# Diablo 2



## sortok (11. Juli 2009)

Hallo ich kenne Diablo 2 nur von Videos ....finde es sehr interresant und wollte mal fragen ob man es z.B in einem Mediamarkt kaufen kann? oder nur im Online Shop? 
Danke für die Antworten..^^


----------



## Dashy (11. Juli 2009)

Gibts überall, auch im MEdiamarkt für knapp 15 euro, online knapp für 10 ( also LoD ( die Erweiterung incl. ))
wenn du hilfe brauchst schreib einfach Vizharan an, das bin ich im Battlenet


----------



## sortok (11. Juli 2009)

Jaaa^^ danke 
Hm noch ne andere frage? 
Welche klasse lohnt sich für Anfänger^^?


----------



## 1234black (12. Juli 2009)

hi ich würde einen Barbar,Paladin,oder Amazone nehmen.Ich selber hab einen Paladin und naja es geht gut mit den leveln,und er macht spass  


			Dieser Inhalt steht nur eingeloggten Mitgliedern zur Verfügung.


----------



## Dashy (12. Juli 2009)

Nimm nen pala und mach nen hammerdin :]


----------



## Kersyl (16. Juli 2009)

Mal ne Frage Meinerseits: wie lassen sich Hammerdine spielen, und worauf bauen sie(neben dem Hammer^^)?
Hab bisher immer nur Elektro sorc gezockt...und electro gehört xD


----------



## Sreal (16. Juli 2009)

naja nen Hammerdin (wie ich ihn zZ spiele) spielt sich im grunde kinderleicht - du bindest dir auf die linke maustaste den hammer - und packst dir auf die rechte maustaste die Aura Konzentration und ziehst dir riesige massen auf möglichst freiem feld um dich herum - hälst schift gedrückt und hammerst die linke maustaste bis alles tod ist.

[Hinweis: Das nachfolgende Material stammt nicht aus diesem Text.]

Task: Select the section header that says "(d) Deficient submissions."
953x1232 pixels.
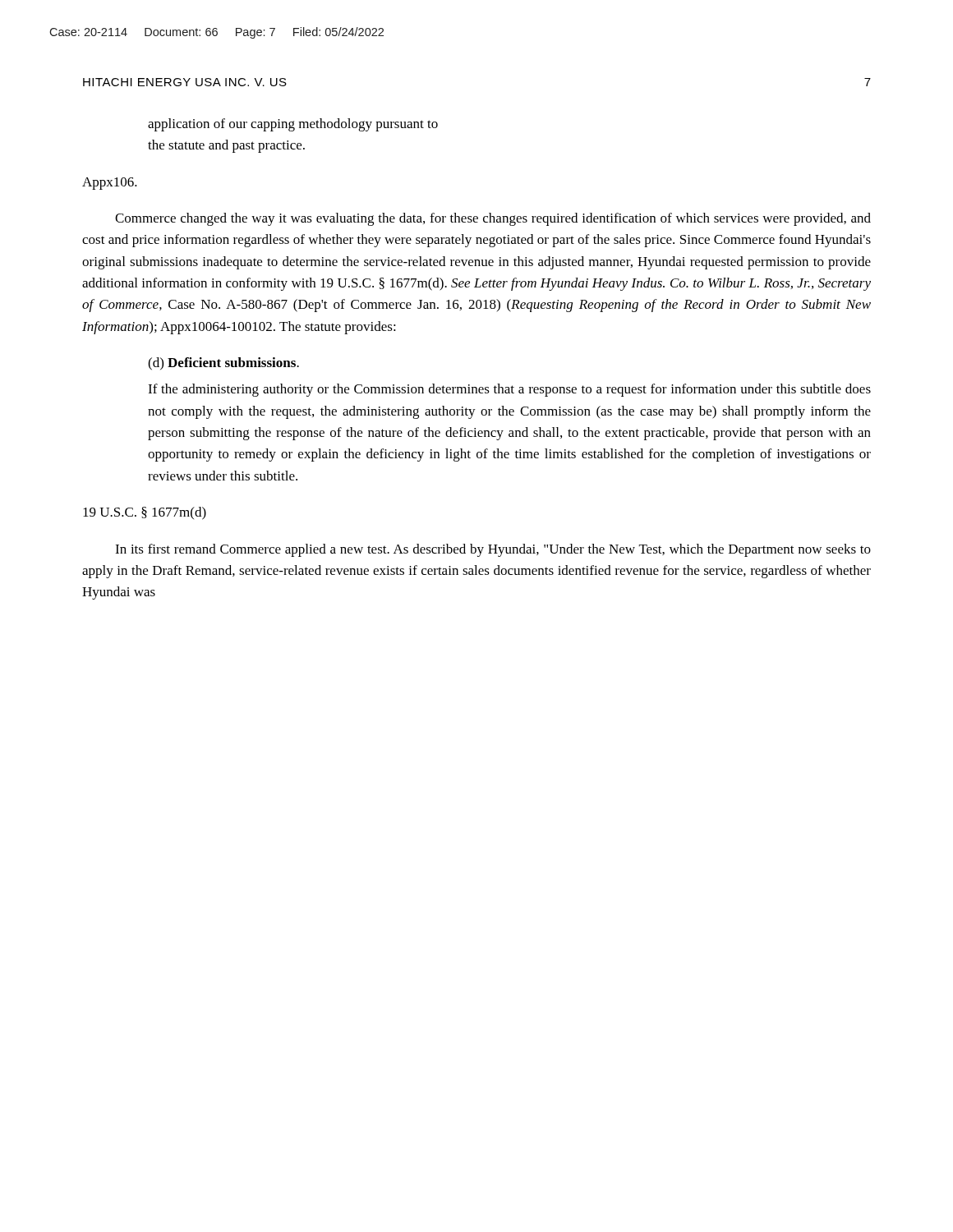Action: click(224, 363)

Später ab und zu mal nen bisl life und mana leechen was anfangs zwar noch recht nervig ist, sich aber später durch die ausrüstung wieder etwas legt. 

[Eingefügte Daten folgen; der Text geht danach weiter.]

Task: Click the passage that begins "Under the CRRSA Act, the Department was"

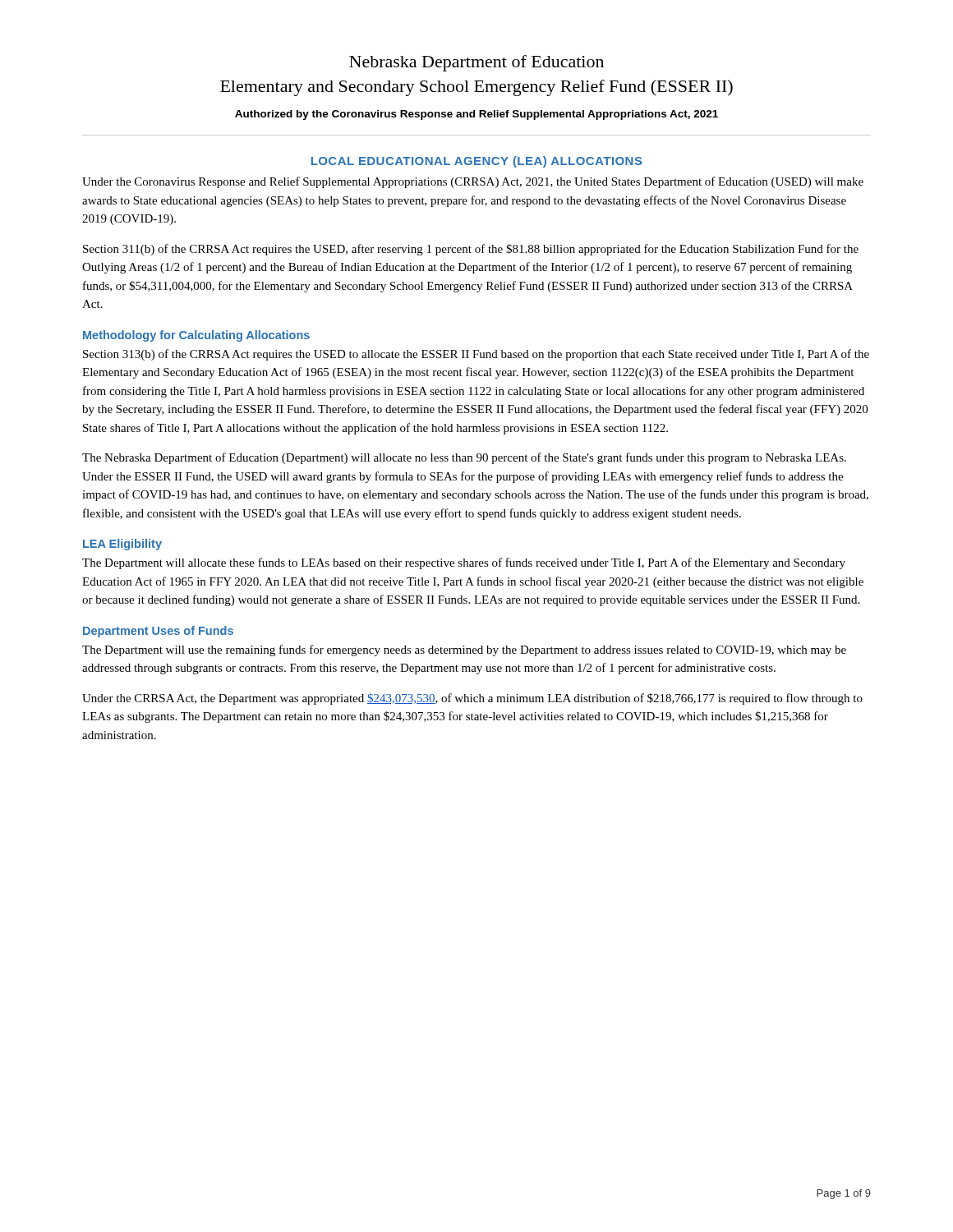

kann dir da folgenden guide nahe legen:
http://www.hammerdin.de.vu/

bin so recht zufrieden mit meinem pala - außerdem gibt er später neben dem massiven gruppen damage auch noch sofern von nöten einen recht guten support ab.



mfg


----------



## Davatar (17. Juli 2009)

Ich verstehe nachwievor nicht wie man nen Hammerdin als Anfängerklasse empfehlen kann. Klar ist er einfach zu spielen, aber mit dem normalen Spielverhalt hat er grad mal gar nichts zu tun. Man lernt weder Nahkampf, noch vernünftigen Fernkampf und mit dem eigentlichen Zaubern einer Hexe hats auch nicht wirklich viel zu tun.

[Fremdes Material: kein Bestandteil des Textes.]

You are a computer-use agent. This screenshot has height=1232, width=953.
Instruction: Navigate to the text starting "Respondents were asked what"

Als Anfängerklasse würd ich einem Spieler eigentlich genau alles ausser nem Hammerdin empfehlen. Der Hammerdin ist mehr sone Art Fun-Klasse wenn die normalen Klassen langweilig werden.


----------



## Sreal (19. Juli 2009)

Davatar schrieb:


> Ich verstehe nachwievor nicht wie man nen Hammerdin als Anfängerklasse empfehlen kann. Klar ist er einfach zu spielen, aber mit dem normalen Spielverhalt hat er grad mal gar nichts zu tun. Man lernt weder Nahkampf, noch vernünftigen Fernkampf und mit dem eigentlichen Zaubern einer Hexe hats auch nicht wirklich viel zu tun.
> 
> Als Anfängerklasse würd ich einem Spieler eigentlich genau alles ausser nem Hammerdin empfehlen. Der Hammerdin ist mehr sone Art Fun-Klasse wenn die normalen Klassen langweilig werden.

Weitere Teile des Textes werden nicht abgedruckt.